# Need a show name for Luca :)



## Dreamcatcher5 (May 15, 2012)

PS: I am going to do Pony Club, A&P shows and local competitions with him. 
This includes in-hand and general riding. (for example: best walk...best trot...)
Maybe I'll also do some jumping.


----------



## ponypile (Nov 7, 2007)

I really like his registered name, it's original and sounds cool!


----------



## Dreamcatcher5 (May 15, 2012)

Yeah, I like Arufusson too but if only you knew how unoriginal it actually is... I'll tell you.

His father was Young Rufus, a very succesful pacer in New Zealand, won over one million dollars and sired many foals.
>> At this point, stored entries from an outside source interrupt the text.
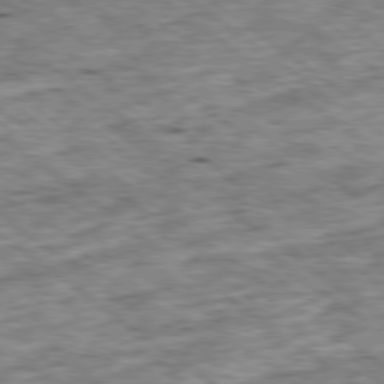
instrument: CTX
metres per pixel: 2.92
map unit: Ap
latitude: -79.4832
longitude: -76.6490
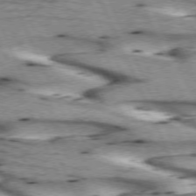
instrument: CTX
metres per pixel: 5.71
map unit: lApd
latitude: 73.1781
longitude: -54.2144
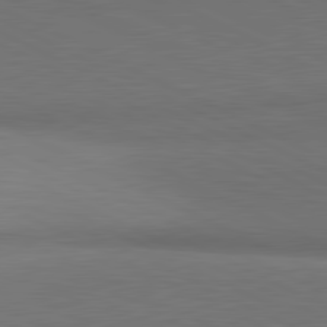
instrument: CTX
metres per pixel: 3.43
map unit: lApd
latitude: 81.4237
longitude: 154.3684
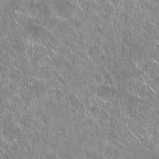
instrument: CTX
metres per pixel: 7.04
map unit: Nhu
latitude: 28.6112
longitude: -61.0269
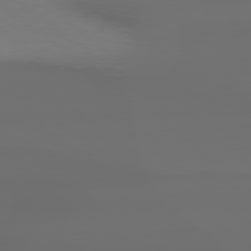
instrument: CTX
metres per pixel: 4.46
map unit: Hpe
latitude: 78.6869
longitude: -133.7261
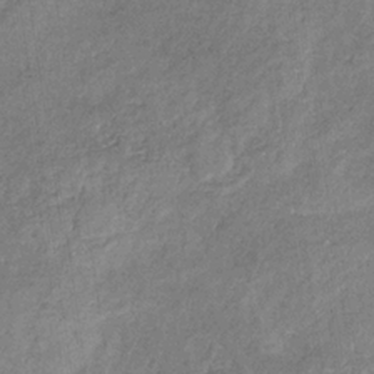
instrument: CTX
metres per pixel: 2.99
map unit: HNb
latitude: -32.2740
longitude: 59.7855
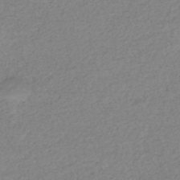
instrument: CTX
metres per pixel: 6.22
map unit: HNhu
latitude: -46.4818
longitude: 29.9745
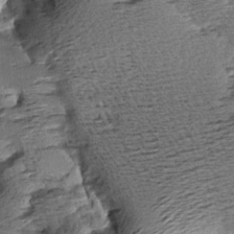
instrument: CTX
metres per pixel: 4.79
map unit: Aa
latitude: 8.5168
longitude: -141.5182
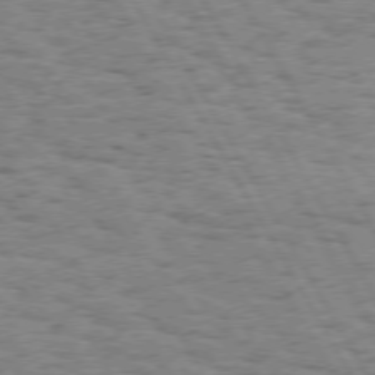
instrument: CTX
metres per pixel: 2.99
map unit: Hpe
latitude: 74.1767
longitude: -135.2726
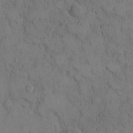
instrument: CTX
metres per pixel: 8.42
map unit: Hto
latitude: 8.4979
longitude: -60.4601
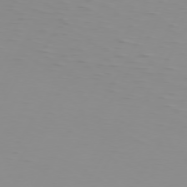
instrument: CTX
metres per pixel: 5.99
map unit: Hpe
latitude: 74.4790
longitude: -126.3467
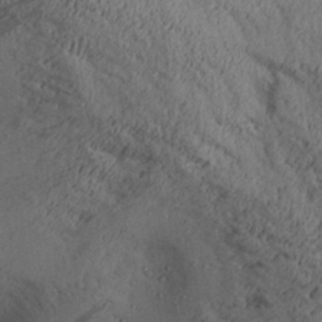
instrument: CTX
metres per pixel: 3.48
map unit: Aa
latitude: 27.7072
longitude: -133.4804
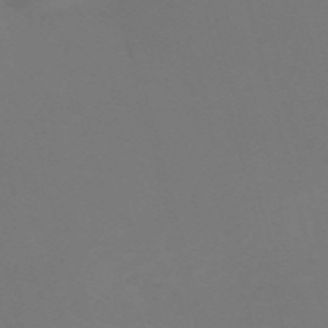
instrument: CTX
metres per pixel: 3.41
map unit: Nve
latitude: -58.6896
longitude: 60.1228

Luca was one of them. His owner couldn't decide what name to register him with so he just called him A-Rufus-son. Like, a son of Rufus. A Rufus son. :shock: That's why I'm not really a fan of that name...although it sounds quite cool. Hah, I just had a thought...if he had been a filly, would he have called Luca "Arufusdaughter"? :lol: probably not. Can't even be pronounced properly, lol.


----------



## ponypile (Nov 7, 2007)

Ah, I was pronouncing it Ah-RUFF-uh-son. Some times you just have to wonder about how people come up with names. Could be worse, my old mare's registered name was Wallianna, and there's a horse at the barn whose name is Secret Squirrel.


----------



## Dreamcatcher5 (May 15, 2012)

Yeah, I used to pronounce it like that, too, but then I found out what it really was :shock:

I call him Ah-ra-fusson (lol) as a nickname...I have lots of weord nicknames for him:

-Luke
-Lucesicle 
-Arufussy (cos he's a fussy dude)
-Fusson
-Aruf 
-Whickler 
-GOS (grumpy old stallion, although he's a young gelding....but he's grumpy!)
-Grump
-Horsicle 

Weird nicknames :lol:

Hmm...do you have any ideas for some good show names that would suit him? 
I only have three options so far, but they aren't that good....just some back-of-the-head ideas :lol:


----------